I think overall the bar for any proposal is that it is tested relatively well for coverage of its behavior.

The key areas that we gain benefit from is making sure the API surface area is the most appropriate, answering questions about usability of the APIs, ensuring the behaviors are what we want, and that things feel at home in the language from a consistency standpoint.

To that last point, the question I have is: is zip really something different from zipLatest? or perhaps are they actually the same thing but with options to the behavior? Granted the implementation went the route of making them distinct, but I think that concept has merit to merge them into one thing.

twittemb · April 19, 2022, 6:02pm

About the last point, food for thoughts:

I think zip makes perfect sense and implies a « de facto » symmetrical consumption of every sequences (the analogy with a true zipper is to be kept)
as zip implies symmetry, zipLatest does not seem well suited for combineLatest where sequences can be consumed at different paces.
naming both functions zip with an arg (like an enum) for the strategy to apply would be nice for discoverability but: as previously said zip does not fit with combineLatest, and what about the return type?

As zipping is a subset operation in the realm of combining operations, an option could be to have combine(.zip, a, b) and combine(.latest, a, b), but the return type question remains. And I guess we want to keep ˋzip` as is in regard to its sync counterpart anyway.

About the diagrams with the DSL we might hit a wall. I guess using emojis for tuples with more than 2 parts will be difficult + + = ?

About variadic parameters, perhaps it is worth mentioning in the proposal (even if not implemented yet) that there will be limitations like not being able to zip heterogeneous async sequences.

I’m also interested in making a PR for renaming unit tests functions. I’ll try to address that in the coming days.

Philippe_Hausler · April 19, 2022, 6:13pm

We can modify that DSL to make it more approachable. Right now we have tokens used for -^|;'[] . Ostensibly we could add () to construct tuples and overload the , operator to mean delimiting tuple members.

That way zip could be:

validate {
  "a-    -b-    -c-    -|"
  "-1    --2    --3    -|"
  zip($0.inputs[0], $0.inputs[1])
  "-(a,1)--(b,2)--(c,3)-|"
}

Currently it is possible to do heterogeneous async sequences, I would expect variadic generics would allow for that affordance too. @codafi might be able to chime in here on that. From my experience with working on Combine with folks zips of more than 2 inputs are rare. I also bet that once we get some throws AsyncSequence<T> (or however that is spelled) that will make it even more easily accomplished.

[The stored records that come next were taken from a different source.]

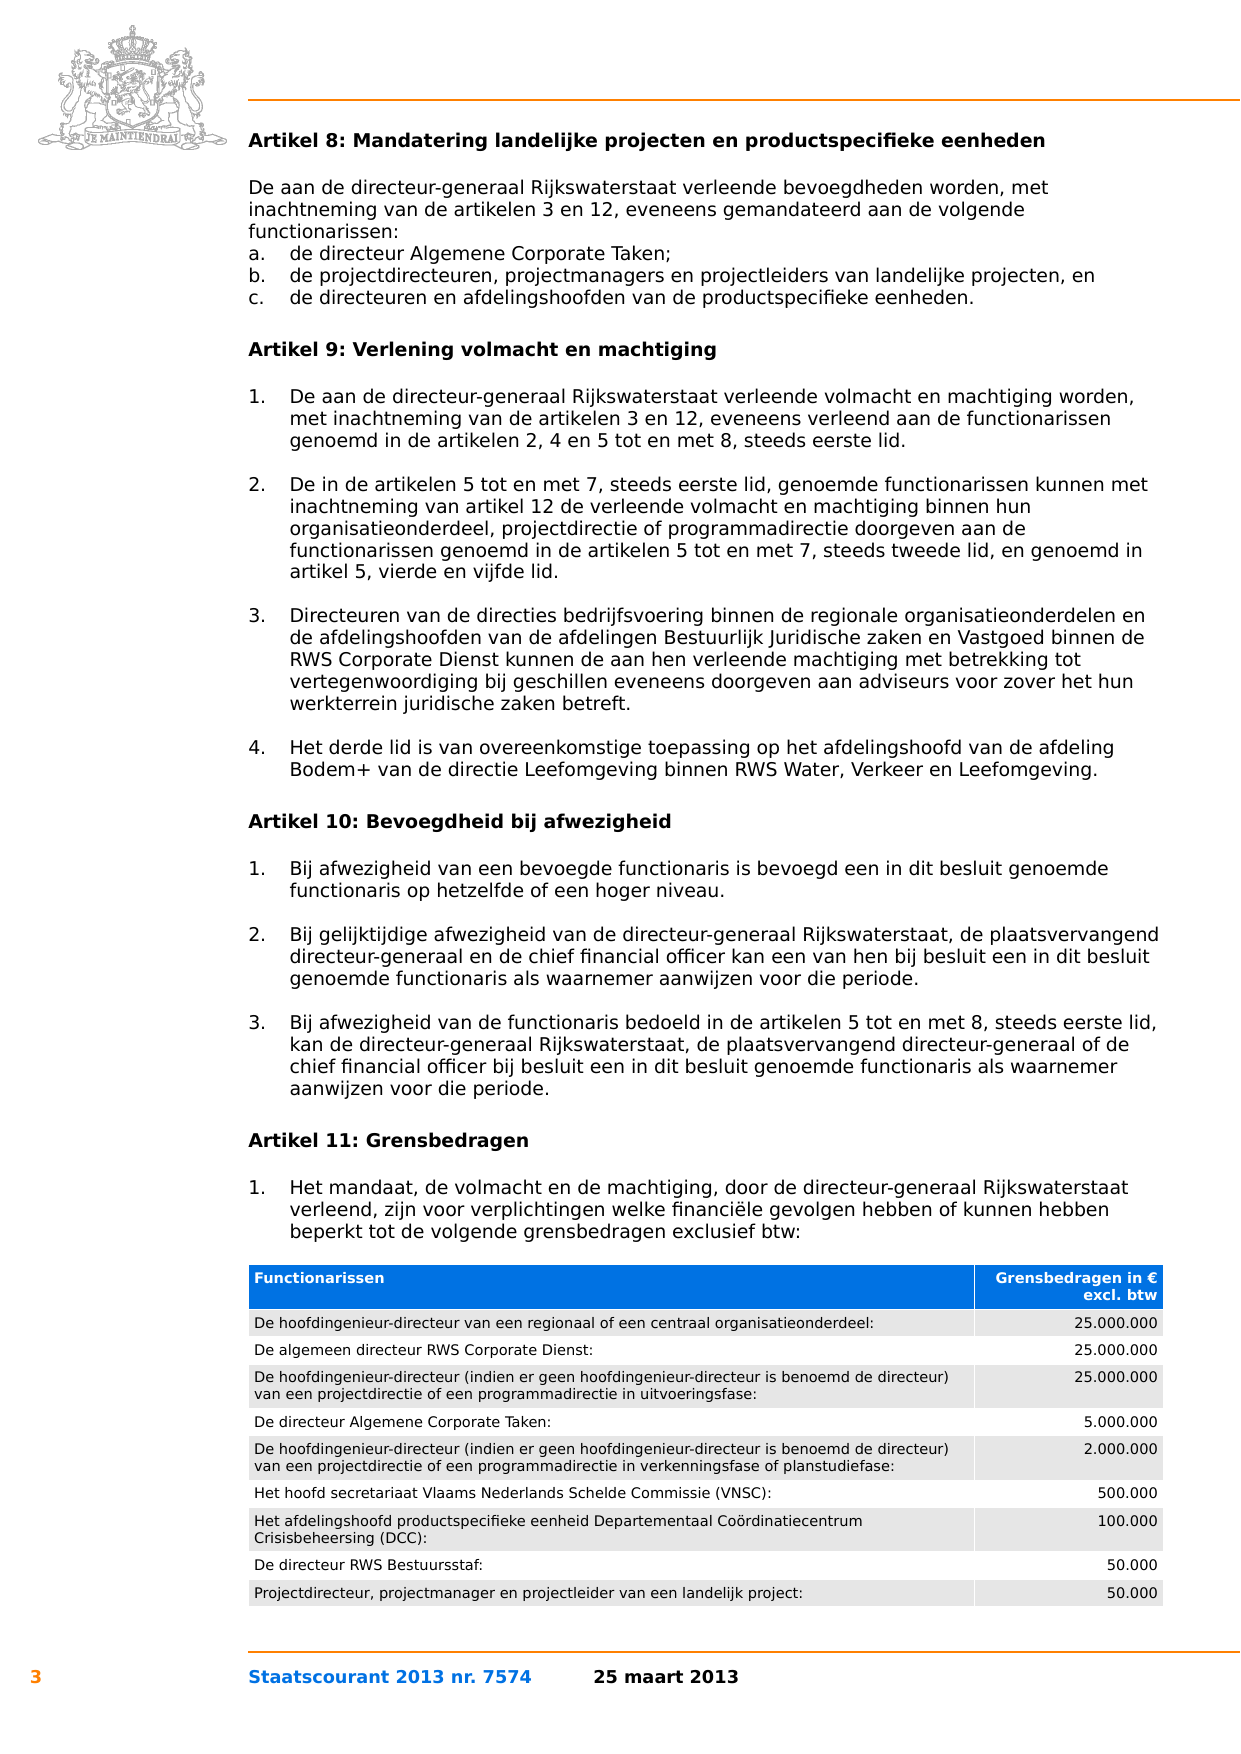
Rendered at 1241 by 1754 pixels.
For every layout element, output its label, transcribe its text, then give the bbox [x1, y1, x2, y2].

table_cell 25.000.000 [975, 1337, 1163, 1363]
table_cell De directeur RWS Bestuursstaf: [249, 1553, 974, 1579]
table_cell 2.000.000 [975, 1436, 1163, 1480]
text 2. Bij gelijktijdige afwezigheid van de directeur-generaal Rijkswaterstaat, de plaatsvervangend directeur-generaal en de chief financial officer kan een van hen bij besluit een in dit besluit genoemde functionaris als waarnemer aanwijzen voor die periode. [248, 924, 1163, 990]
picture [38, 25, 227, 150]
table_cell Het hoofd secretariaat Vlaams Nederlands Schelde Commissie (VNSC): [249, 1481, 974, 1507]
text 4. Het derde lid is van overeenkomstige toepassing op het afdelingshoofd van de afdeling Bodem+ van de directie Leefomgeving binnen RWS Water, Verkeer en Leefomgeving. [248, 737, 1163, 781]
text 1. Bij afwezigheid van een bevoegde functionaris is bevoegd een in dit besluit genoemde functionaris op hetzelfde of een hoger niveau. [248, 858, 1163, 902]
table_cell 25.000.000 [975, 1310, 1163, 1336]
text 2. De in de artikelen 5 tot en met 7, steeds eerste lid, genoemde functionarissen kunnen met inachtneming van artikel 12 de verleende volmacht en machtiging binnen hun organisatieonderdeel, projectdirectie of programmadirectie doorgeven aan de functionarissen genoemd in de artikelen 5 tot en met 7, steeds tweede lid, en genoemd in artikel 5, vierde en vijfde lid. [248, 473, 1163, 583]
table_cell De algemeen directeur RWS Corporate Dienst: [249, 1337, 974, 1363]
table_header Grensbedragen in € excl. btw [975, 1265, 1163, 1309]
text 3. Directeuren van de directies bedrijfsvoering binnen de regionale organisatieonderdelen en de afdelingshoofden van de afdelingen Bestuurlijk Juridische zaken en Vastgoed binnen de RWS Corporate Dienst kunnen de aan hen verleende machtiging met betrekking tot vertegenwoordiging bij geschillen eveneens doorgeven aan adviseurs voor zover het hun werkterrein juridische zaken betreft. [248, 605, 1163, 715]
table_cell De hoofdingenieur-directeur van een regionaal of een centraal organisatieonderdeel: [249, 1310, 974, 1336]
table_cell 50.000 [975, 1580, 1163, 1606]
subtitle Artikel 9: Verlening volmacht en machtiging [248, 339, 1163, 361]
table_cell De directeur Algemene Corporate Taken: [249, 1409, 974, 1435]
table_cell De hoofdingenieur-directeur (indien er geen hoofdingenieur-directeur is benoemd de directeur) van een projectdirectie of een programmadirectie in uitvoeringsfase: [249, 1365, 974, 1408]
text 1. De aan de directeur-generaal Rijkswaterstaat verleende volmacht en machtiging worden, met inachtneming van de artikelen 3 en 12, eveneens verleend aan de functionarissen genoemd in de artikelen 2, 4 en 5 tot en met 8, steeds eerste lid. [248, 386, 1163, 452]
text 3. Bij afwezigheid van de functionaris bedoeld in de artikelen 5 tot en met 8, steeds eerste lid, kan de directeur-generaal Rijkswaterstaat, de plaatsvervangend directeur-generaal of de chief financial officer bij besluit een in dit besluit genoemde functionaris als waarnemer aanwijzen voor die periode. [248, 1012, 1163, 1099]
table_cell 25.000.000 [975, 1365, 1163, 1408]
text a. de directeur Algemene Corporate Taken; [248, 243, 1163, 265]
table_cell 500.000 [975, 1481, 1163, 1507]
table_cell Projectdirecteur, projectmanager en projectleider van een landelijk project: [249, 1580, 974, 1606]
subtitle Artikel 10: Bevoegdheid bij afwezigheid [248, 811, 1163, 833]
text b. de projectdirecteuren, projectmanagers en projectleiders van landelijke projecten, en [248, 265, 1163, 287]
table_cell 50.000 [975, 1553, 1163, 1579]
text 1. Het mandaat, de volmacht en de machtiging, door de directeur-generaal Rijkswaterstaat verleend, zijn voor verplichtingen welke financiële gevolgen hebben of kunnen hebben beperkt tot de volgende grensbedragen exclusief btw: [248, 1177, 1163, 1242]
subtitle Artikel 8: Mandatering landelijke projecten en productspecifieke eenheden [248, 130, 1163, 152]
table_cell Het afdelingshoofd productspecifieke eenheid Departementaal Coördinatiecentrum Crisisbeheersing (DCC): [249, 1508, 974, 1551]
text c. de directeuren en afdelingshoofden van de productspecifieke eenheden. [248, 287, 1163, 309]
table_header Functionarissen [249, 1265, 974, 1309]
text De aan de directeur-generaal Rijkswaterstaat verleende bevoegdheden worden, met inachtneming van de artikelen 3 en 12, eveneens gemandateerd aan de volgende functionarissen: [248, 177, 1163, 243]
table_cell 100.000 [975, 1508, 1163, 1551]
subtitle Artikel 11: Grensbedragen [248, 1129, 1163, 1152]
table_cell De hoofdingenieur-directeur (indien er geen hoofdingenieur-directeur is benoemd de directeur) van een projectdirectie of een programmadirectie in verkenningsfase of planstudiefase: [249, 1436, 974, 1480]
table_cell 5.000.000 [975, 1409, 1163, 1435]

Philippe_Hausler · April 27, 2022, 11:04pm

This proposal has run its course of a decent amount of time visible; there have been some positive indications and only minor implementation/testing issues brought up. Thanks @twittemb for addressing the naming of the testing - I think that will aide in making it more approachable.

*rummages through my desk drawer for a big rubber stamp of [APPROVED]

I want to make sure to have good air time for each of the initial implementation proposals but perhaps for the next I will have it be a bit shorter since they are not really horribly controversial (like this one) and we have a litany of algorithms to cover.

Please chime in if we take it too fast and need more time to respond etc.